The offseason trend in MLS
By Jason Davis – WASHINGTON DC (Dec 27, 2017) US Soccer Players – The word “trend” in a modern context suggests something ephemeral. Even if the shift of direction eventually morphs into the status quo, the initial push towards establishing it can only happen once. Trends aren’t fads, but they also aren’t exactly accepted as permanent from the outset, either.
It’s with that definition of “trend” in mind that we consider the ramping up of the Major League Soccer offseason signing spree. Clubs across the league rush to bring in fresh talent to better keep up with the quickening arms race fostered by another increase in Targeted Allocation Money. 2017 revealed that competing for a championship will require both higher spending and a better understanding of how to make that investment matter.
Simply put, not everyone can be Toronto FC, with a trio of ultra high-priced Designated Players and a whip-smart front office able to build quality and depth via every mechanism in the MLS rulebook. Acquiring talent can’t be a matter of reaching out to wantaway European-based players and backing up a Brinks truck to their front doors. Digging into the soft parts of the international transfer market to make the money go as far as possible becomes the necessity.
Atlanta didn’t break new ground when they dived into the South American market in their inaugural year. However, the success they had as an expansion club with the likes of Miguel Almiron, Yamil Asad, and Hector Villalba was the impetus for a new emphasis on younger players of Latin American origin with higher ceilings than previously seen in MLS.
The idea of buying a player and potentially selling him on has rarely been part of the MLS calculus in the past. A look at the signings so far this winter across the league and the rumors that are swirling around it indicate a push for a new type of business. It’s a model tied both to on-field success in 2018 and the potential to recoup or make money by selling players.
LAFC general manager John Thorrington specifically pointed to Atlanta’s model when talking about building a team from scratch. Thorrington wasn’t just talking about Atlanta’s cadre of South Americans, but that element is central to his identification of the club as one to emulate. The league’s lone 2018 expansion entry went so far as to sign former MLS designated player Juan Pablo Angel as a technical consultant specifically to tap into the South American pipeline. Thorrington and head coach Bob Bradley know that the faster their club can turn American dollars into under-scouted South American players who are beginning to see MLS as a stepping stone to bigger opportunities in Europe.

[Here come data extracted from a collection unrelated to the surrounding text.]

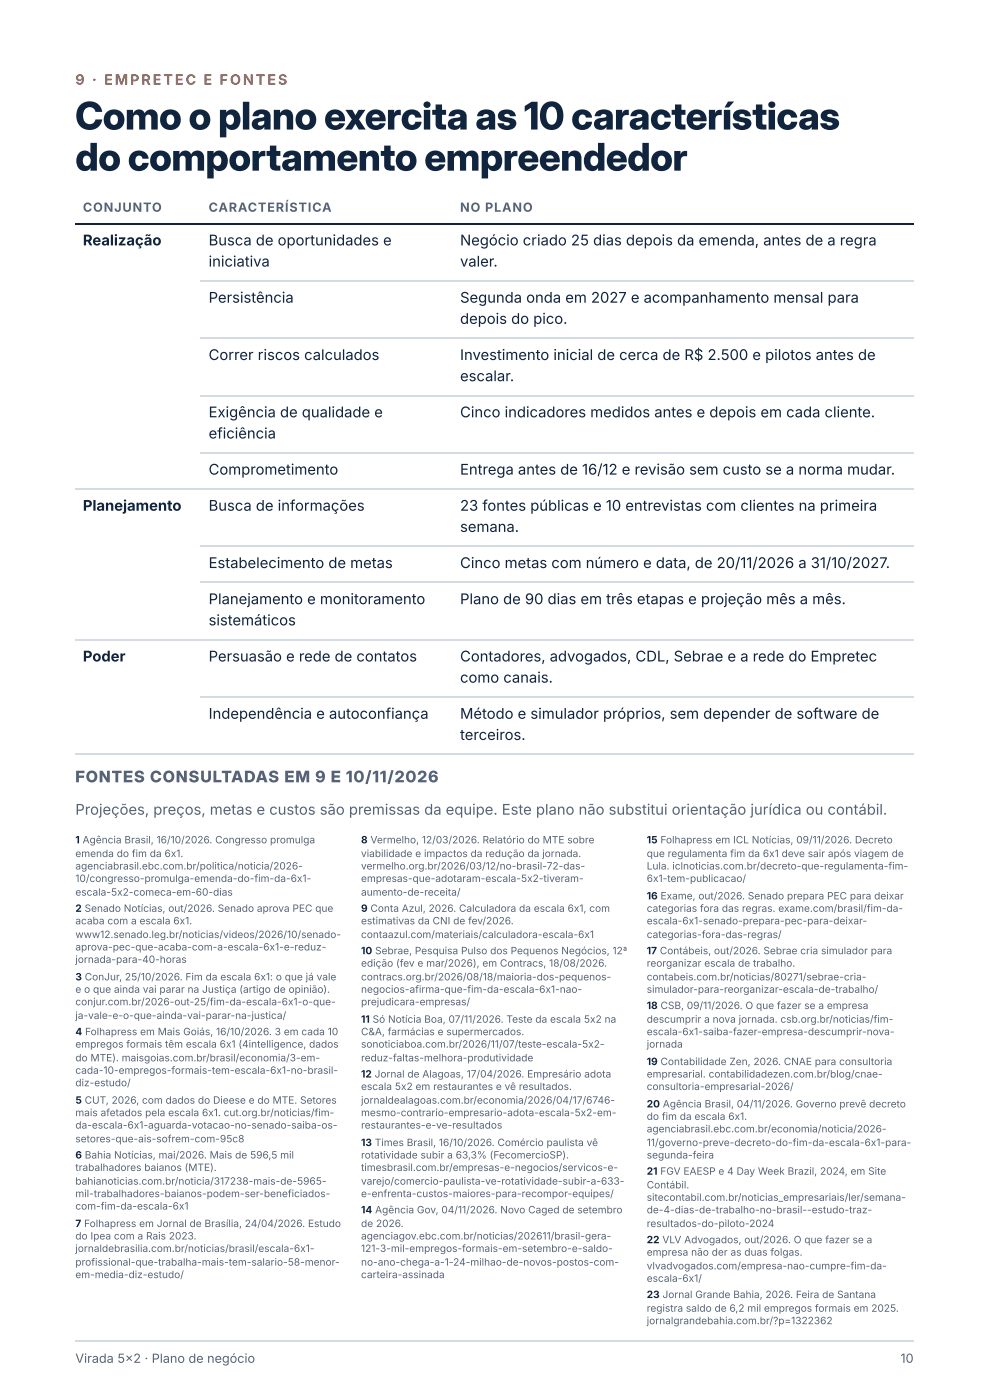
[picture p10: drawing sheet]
<svg xmlns="http://www.w3.org/2000/svg" width="210mm" height="297mm" viewBox="0 0 210 297" stroke-linecap="round" stroke-linejoin="round" font-family="sans-serif">
<defs><g id="words">
<g font-size="8.1" fill="#10243e">
<text x="16" y="27.5">Como o plano exercita as 10 características</text>
<text x="16" y="36.2">do comportamento empreendedor</text>
</g>
<text font-size="3.4" fill="#566377" x="16" y="166.2">FONTES CONSULTADAS EM 9 E 10/11/2026</text>
<g font-size="3.1" fill="#10243e">
<text x="17.6" y="52.1">Realização</text>
<text x="44.3" y="52.1">Busca de oportunidades e</text>
<text x="97.7" y="52.1">Negócio criado 25 dias depois da emenda, antes de a regra</text>
<text x="44.3" y="56.6">iniciativa</text>
<text x="97.7" y="56.6">valer.</text>
<text x="44.3" y="64.3">Persistência</text>
<text x="97.7" y="64.3">Segunda onda em 2027 e acompanhamento mensal para</text>
<text x="97.7" y="68.8">depois do pico.</text>
<text x="44.3" y="76.5">Correr riscos calculados</text>
<text x="97.7" y="76.5">Investimento inicial de cerca de R$ 2.500 e pilotos antes de</text>
<text x="97.7" y="81">escalar.</text>
<text x="44.3" y="88.6">Exigência de qualidade e</text>
<text x="97.7" y="88.6">Cinco indicadores medidos antes e depois em cada cliente.</text>
<text x="44.3" y="93.1">eficiência</text>
<text x="44.3" y="100.8">Comprometimento</text>
<text x="97.7" y="100.8">Entrega antes de 16/12 e revisão sem custo se a norma mudar.</text>
<text x="17.6" y="108.5">Planejamento</text>
<text x="44.3" y="108.5">Busca de informações</text>
<text x="97.7" y="108.5">23 fontes públicas e 10 entrevistas com clientes na primeira</text>
<text x="97.7" y="113">semana.</text>
<text x="44.3" y="120.7">Estabelecimento de metas</text>
<text x="97.7" y="120.7">Cinco metas com número e data, de 20/11/2026 a 31/10/2027.</text>
<text x="44.3" y="128.3">Planejamento e monitoramento</text>
<text x="97.7" y="128.3">Plano de 90 dias em três etapas e projeção mês a mês.</text>
<text x="44.3" y="132.8">sistemáticos</text>
<text x="17.6" y="140.5">Poder</text>
<text x="44.3" y="140.5">Persuasão e rede de contatos</text>
<text x="97.7" y="140.5">Contadores, advogados, CDL, Sebrae e a rede do Empretec</text>
<text x="97.7" y="145">como canais.</text>
<text x="44.3" y="152.7">Independência e autoconfiança</text>
<text x="97.7" y="152.7">Método e simulador próprios, sem depender de software de</text>
<text x="97.7" y="157.2">terceiros.</text>
</g>
<text font-size="3.1" fill="#566377" x="16" y="173">Projeções, preços, metas e custos são premissas da equipe. Este plano não substitui orientação jurídica ou contábil.</text>
<text font-size="3" fill="#e8590c" x="16" y="18">9 · EMPRETEC E FONTES</text>
<g font-size="2.7" fill="#566377">
<text x="17.6" y="45">CONJUNTO</text>
<text x="44.3" y="45">CARACTERÍSTICA</text>
<text x="97.7" y="45">NO PLANO</text>
<text x="16" y="289.5">Virada 5x 2 · Plano de negócio</text>
<text x="191.2" y="289.5">10</text>
</g>
<g font-size="2.2" fill="#10243e">
<text x="16" y="179.1">1 Agência Brasil, 16/10/2026. Congresso promulga</text>
<text x="76.7" y="179.1">8 Vermelho, 12/03/2026. Relatório do MTE sobre</text>
<text x="137.3" y="179.1">15 Folhapress em ICL Notícias, 09/11/2026. Decreto</text>
<text x="137.3" y="191">16 Exame, out/2026. Senado prepara PEC para deixar</text>
<text x="16" y="193.7">2 Senado Notícias, out/2026. Senado aprova PEC que</text>
<text x="76.7" y="193.7">9 Conta Azul, 2026. Calculadora da escala 6x1, com</text>
<text x="76.7" y="202.7">10 Sebrae, Pesquisa Pulso dos Pequenos Negócios, 12ª</text>
<text x="137.3" y="202.7">17 Contábeis, out/2026. Sebrae cria simulador para</text>
<text x="16" y="208.2">3 ConJur, 25/10/2026. Fim da escala 6x1: o que já vale</text>
<text x="137.3" y="214.3">18 CSB, 09/11/2026. O que fazer se a empresa</text>
<text x="16" y="219.9">4 Folhapress em Mais Goiás, 16/10/2026. 3 em cada 10</text>
<text x="76.7" y="217.2">11 Só Notícia Boa, 07/11/2026. Teste da escala 5x2 na</text>
<text x="137.3" y="226.2">19 Contabilidade Zen, 2026. CNAE para consultoria</text>
<text x="76.7" y="228.9">12 Jornal de Alagoas, 17/04/2026. Empresário adota</text>
<text x="16" y="234.4">5 CUT, 2026, com dados do Dieese e do MTE. Setores</text>
<text x="137.3" y="235.2">20 Agência Brasil, 04/11/2026. Governo prevê decreto</text>
<text x="76.7" y="243.4">13 Times Brasil, 16/10/2026. Comércio paulista vê</text>
<text x="16" y="246.1">6 Bahia Notícias, mai/2026. Mais de 596,5 mil</text>
<text x="137.3" y="249.5">21 FGV EAESP e 4 Day Week Brazil, 2024, em Site</text>
<text x="76.7" y="257.7">14 Agência Gov, 04/11/2026. Novo Caged de setembro</text>
<text x="16" y="260.6">7 Folhapress em Jornal de Brasília, 24/04/2026. Estudo</text>
<text x="137.3" y="264.1">22 VLV Advogados, out/2026. O que fazer se a</text>
<text x="137.3" y="275.7">23 Jornal Grande Bahia, 2026. Feira de Santana</text>
</g>
<g font-size="2.2" fill="#566377">
<text x="16" y="182">emenda do fim da 6x1.</text>
<text x="16" y="184.7">agenciabrasil.ebc.com.br/politica/noticia/2026-</text>
<text x="76.7" y="182">viabilidade e impactos da redução da jornada.</text>
<text x="76.7" y="184.7">vermelho.org.br/2026/03/12/no-brasil-72-das-</text>
<text x="137.3" y="182">que regulamenta fim da 6x1 deve sair após viagem de</text>
<text x="137.3" y="184.7">Lula. iclnoticias.com.br/decreto-que-regulamenta-fim-</text>
<text x="16" y="187.3">10/congresso-promulga-emenda-do-fim-da-6x1-</text>
<text x="16" y="190.2">escala-5x2-comeca-em-60-dias</text>
<text x="76.7" y="187.3">empresas-que-adotaram-escala-5x2-tiveram-</text>
<text x="76.7" y="190.2">aumento-de-receita/</text>
<text x="137.3" y="187.3">6x1-tem-publicacao/</text>
<text x="16" y="196.3">acaba com a escala 6x1.</text>
<text x="76.7" y="196.3">estimativas da CNI de fev/2026.</text>
<text x="137.3" y="193.7">categorias fora das regras. exame.com/brasil/fim-da-</text>
<text x="137.3" y="196.3">escala-6x1-senado-prepara-pec-para-deixar-</text>
<text x="16" y="199.2">www12.senado.leg.br/noticias/videos/2026/10/senado-</text>
<text x="16" y="201.9">aprova-pec-que-acaba-com-a-escala-6x1-e-reduz-</text>
<text x="76.7" y="199.2">contaazul.com/materiais/calculadora-escala-6x1</text>
<text x="137.3" y="199.2">categorias-fora-das-regras/</text>
<text x="16" y="204.5">jornada-para-40-horas</text>
<text x="76.7" y="205.3">edição (fev e mar/2026), em Contracs, 18/08/2026.</text>
<text x="76.7" y="208.2">contracs.org.br/2026/08/18/maioria-dos-pequenos-</text>
<text x="137.3" y="205.3">reorganizar escala de trabalho.</text>
<text x="137.3" y="208.2">contabeis.com.br/noticias/80271/sebrae-cria-</text>
<text x="16" y="210.9">e o que ainda vai parar na Justiça (artigo de opinião).</text>
<text x="16" y="213.5">conjur.com.br/2026-out-25/fim-da-escala-6x1-o-que-</text>
<text x="76.7" y="210.9">negocios-afirma-que-fim-da-escala-6x1-nao-</text>
<text x="76.7" y="213.5">prejudicara-empresas/</text>
<text x="137.3" y="210.9">simulador-para-reorganizar-escala-de-trabalho/</text>
<text x="16" y="216.4">ja-vale-e-o-que-ainda-vai-parar-na-justica/</text>
<text x="76.7" y="219.9">C&amp;A, farmácias e supermercados.</text>
<text x="137.3" y="217.2">descumprir a nova jornada. csb.org.br/noticias/fim-</text>
<text x="137.3" y="219.9">escala-6x1-saiba-fazer-empresa-descumprir-nova-</text>
<text x="16" y="222.5">empregos formais têm escala 6x1 (4intelligence, dados</text>
<text x="16" y="225.4">do MTE). maisgoias.com.br/brasil/economia/3-em-</text>
<text x="76.7" y="222.5">sonoticiaboa.com.br/2026/11/07/teste-escala-5x2-</text>
<text x="76.7" y="225.4">reduz-faltas-melhora-produtividade</text>
<text x="137.3" y="222.5">jornada</text>
<text x="16" y="228.1">cada-10-empregos-formais-tem-escala-6x1-no-brasil-</text>
<text x="16" y="230.7">diz-estudo/</text>
<text x="76.7" y="231.5">escala 5x2 em restaurantes e vê resultados.</text>
<text x="137.3" y="228.9">empresarial. contabilidadezen.com.br/blog/cnae-</text>
<text x="137.3" y="231.5">consultoria-empresarial-2026/</text>
<text x="16" y="237.1">mais afetados pela escala 6x1. cut.org.br/noticias/fim-</text>
<text x="16" y="239.7">da-escala-6x1-aguarda-votacao-no-senado-saiba-os-</text>
<text x="76.7" y="234.4">jornaldealagoas.com.br/economia/2026/04/17/6746-</text>
<text x="76.7" y="237.1">mesmo-contrario-empresario-adota-escala-5x2-em-</text>
<text x="76.7" y="239.7">restaurantes-e-ve-resultados</text>
<text x="137.3" y="237.9">do fim da escala 6x1.</text>
<text x="16" y="242.6">setores-que-ais-sofrem-com-95c8</text>
<text x="137.3" y="240.5">agenciabrasil.ebc.com.br/economia/noticia/2026-</text>
<text x="137.3" y="243.4">11/governo-preve-decreto-do-fim-da-escala-6x1-para-</text>
<text x="16" y="248.7">trabalhadores baianos (MTE).</text>
<text x="16" y="251.6">bahianoticias.com.br/noticia/317238-mais-de-5965-</text>
<text x="76.7" y="246.1">rotatividade subir a 63,3% (FecomercioSP).</text>
<text x="76.7" y="248.7">timesbrasil.com.br/empresas-e-negocios/servicos-e-</text>
<text x="76.7" y="251.6">varejo/comercio-paulista-ve-rotatividade-subir-a-633-</text>
<text x="137.3" y="246.1">segunda-feira</text>
<text x="16" y="254.3">mil-trabalhadores-baianos-podem-ser-beneficiados-</text>
<text x="16" y="256.9">com-fim-da-escala-6x1</text>
<text x="76.7" y="254.3">e-enfrenta-custos-maiores-para-recompor-equipes/</text>
<text x="137.3" y="252.4">Contábil.</text>
<text x="137.3" y="255.1">sitecontabil.com.br/noticias_empresariais/ler/semana-</text>
<text x="137.3" y="257.7">de-4-dias-de-trabalho-no-brasil--estudo-traz-</text>
<text x="16" y="263.3">do Ipea com a Rais 2023.</text>
<text x="76.7" y="260.6">de 2026.</text>
<text x="76.7" y="263.3">agenciagov.ebc.com.br/noticias/202611/brasil-gera-</text>
<text x="137.3" y="260.6">resultados-do-piloto-2024</text>
<text x="16" y="265.9">jornaldebrasilia.com.br/noticias/brasil/escala-6x1-</text>
<text x="16" y="268.8">profissional-que-trabalha-mais-tem-salario-58-menor-</text>
<text x="76.7" y="265.9">121-3-mil-empregos-formais-em-setembro-e-saldo-</text>
<text x="76.7" y="268.8">no-ano-chega-a-1-24-milhao-de-novos-postos-com-</text>
<text x="137.3" y="266.7">empresa não der as duas folgas.</text>
<text x="137.3" y="269.6">vlvadvogados.com/empresa-nao-cumpre-fim-da-</text>
<text x="16" y="271.5">em-media-diz-estudo/</text>
<text x="76.7" y="271.5">carteira-assinada</text>
<text x="137.3" y="272.3">escala-6x1/</text>
<text x="137.3" y="278.6">registra saldo de 6,2 mil empregos formais em 2025.</text>
<text x="137.3" y="281.3">jornalgrandebahia.com.br/?p=1322362</text>
</g>
</g></defs>
<path d="M15.9 47.5h178" fill="none" stroke="#10243e" stroke-width=".26"/>
<path d="M42.6 59.7h151.3M42.6 71.8h151.3M42.6 84h151.3M42.6 96.2h151.3M15.9 103.8h178M42.6 116h151.3M15.9 135.9h178M42.6 123.7h151.3M42.6 148h151.3M15.9 160.2h178M15.9 284.8h178" fill="none" stroke="#d5dbe5" stroke-width=".26"/>
<use href="#words"/>
</svg>

MLS is still caught in between, refusing to fully embrace the role of a selling league. The trend of players moving from south to north will help hasten that evolution. MLS is richer and more stable financially than most leagues in the Western Hemisphere not named Liga MX, but it comes in well behind the money and prestige available across the Atlantic. It’s only natural that MLS use it’s relative wealth and status to bring in players who can boost the quality level on the field, then sell them on to help fund further advancements in the league’s evolution.
The league might be better served to allow its teams to spend freely, without the constraints of the labyrinthian salary budget rules. The path they’ve chosen has finally reached a turn where the willingness of owners to pull out their checkbooks and spend is potentially transformative.
There’s an under-23 bent to the names popping up in the rumor mill and on the incoming transfer sheet for MLS this winter. Atlanta United is locked in a tug-of-war with Independiente over 19-year old Argentine Ezequiel Barco. The Red Bulls are going after their own Primera attacker in 22-year old Alejandro Romero Gamarra of Huracan. Across the Hudson, NYCFC is reportedly wooing 20-year old Paraguayan Jesus Medina from Libertad. Portland might have eyes on one 19-year old Paraguayan, while Orlando is said to have signed another..
There’s more, across a spectrum ranging from pure speculation to in-process. The new injection of discretionary TAM and the group of owners willing to spend it is a major part of why. So is the natural maturation of MLS as a part of the soccer ecosystem. Atlanta and LAFC are new, but the league is a now-established part of the in-crowd of clubs from Quebec down to Tierra del Fuego. Agents and administrators don’t need much prompting to pick up the phone when word is out that MLS teams have more than ever to spend on transfer fees.
It will only take a championship for a team exploiting the player market in South America or a club or two selling South American on for a profit to push the current rash of interest and signings from MLS trend to feature of the transfer window. What’s good for one franchise typically becomes a model for many others.
MLS has problems holding onto some young talent. See Kekuta Manneh moving to Pachuca for the latest example. American players are shut out of some of the growth in salaries because the league’s initiatives incentivize teams to go after foreign talent. The new TAM rules can artificially raise salaries in a particular range because clubs are better off over-paying and buying down.
Still, the league’s reach expanding deeper into South America should drive the quality of the competition up while at the same time giving MLS a better international profile and potentially providing a conduit for transfer fees it has never been capable of generating before.
“Trend” doesn’t convey permanence the way we use it in 2017, but good trends don’t just fade away. Eventually, they just become part of the system. Is Major League Soccer’s fascination with young South American talent and example of just that?